Last week I remembered that there was a flame function in Photoshop and since I wanted to play with it, I brought the image up again. The Guardian at the Gates of Hell can project flame from his eyes and he set the hair of the female zombie on fire. Without further ado...

I need to come up with a few more creative composite shots for upcoming competitions, so watch this space!

Here''s an image I spent some time on yesterday. As I said, it's "Photoshop" season, a good time to go through images I marked for editing from last summer.

Looking Northwest at the Twillingate harbour

I did some subtle editing here. When I first looked at it, I opened up the shadows on the boat/land to the right to see what was there: lots of detail. Shooting in RAW lets you do that. The sky was nice. I had 4 images and tried to combine them but it didn't help so I simply used Lightroom and later, ACR, to give the sky more presence.

Although it was a 1/4 second exposure, the water had too much texture for me. So I selected it and applied a motion blur to smooth it. There was a bright spot in the sky at upper left and I decided to try to enhance that by using Topaz Studio Texture Effects (I remembered one with some sun rays) and I like how that turned out. Finally I dodged and burned the right side to make it look like the boat and land were subtly lit by the sun peeking through the clouds.

This image 'tastes' like it did when I shot it. I think it will make an excellent print.

I've been in Algonquin Park twice in the last 4 days. Friday was cold: -22°C, Monday not so much, only around -7°C. I got a bunch of pictures I liked on Friday and I decided to put together a little Lightroom slideshow instead of trying to post them individually. I uploaded it to YouTube and you can see it here. It was disappointing to me, though, because I lost a lot of quality — nothing's really sharp. I had to reduce the size of the video file because of my lousy upload speed. Here are a couple of individual shots:

Seen on the way home later in the afternoon. And yes, too close (although it was with a 400mm lens). She walked towards me, I backed up , just a snowbank between us. She wasn't really being aggressive, I had the feeling she didn't care that I was there, this was just the way she wanted to go.

At Mew Lake, where the Pine Martens live, there's a flock of wild turkeys.

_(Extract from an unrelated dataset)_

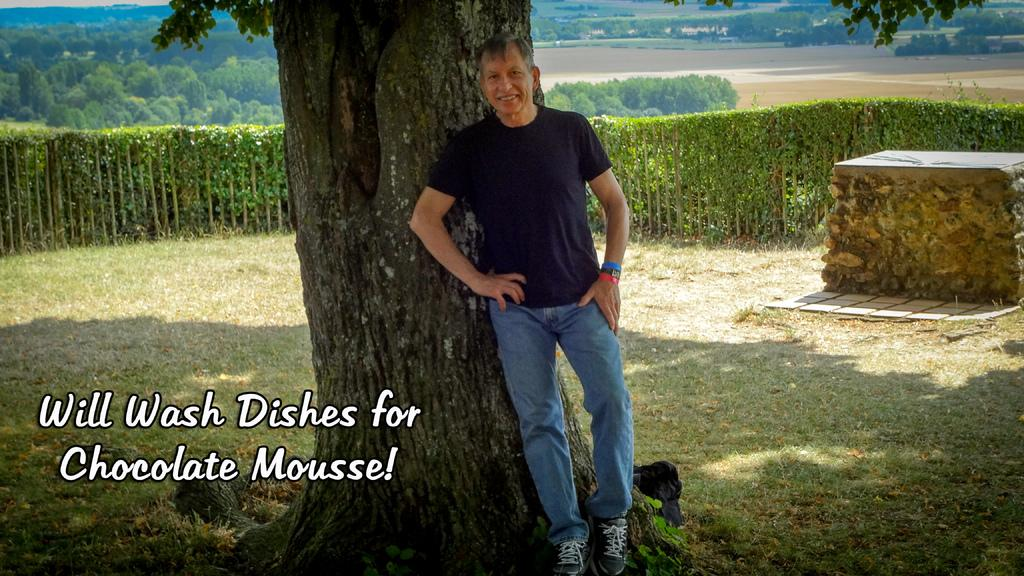What is the person in the image doing? The person is standing near a tree in the image. Is there any text present in the image? Yes, there is text on the bottom left side of the image. What type of natural elements can be seen on the right side of the image? There are rocks on the right side of the image. Where is the sofa located in the image? There is no sofa present in the image.

They're totally habituated to man, who's ever heard of wild turkeys that root around at people's feet? Ditto Pine Martens that hang out under your car.

I'm starting to be a little disgusted by the photographers who spread peanut butter or cat food on the branches at Mew Lake for the martens (you know who you are and where I'm talking about). There are half a dozen living there and if you don't see one or more, just wait a few minutes. And if you don't see one today, well that's an excuse to come back to the Park another time.

When we were there yesterday it was hard to get a picture when the animal wasn't licking a tree. Yes, they run around fast and are hard to photograph but how can you be proud of a picture of an animal that was baited? Might as well go to the zoo.

Don't get me started on baiting snowy owls with store-bought mice.


Here's one that does NOT live in a garbage can. Yes, he's running across a road but he lives in the bush and lives on what he hunts, not on man's scraps. This was up on Opeongo Road on Monday.

Parting Shots

Here are a couple of images from Monday's visit to the Park.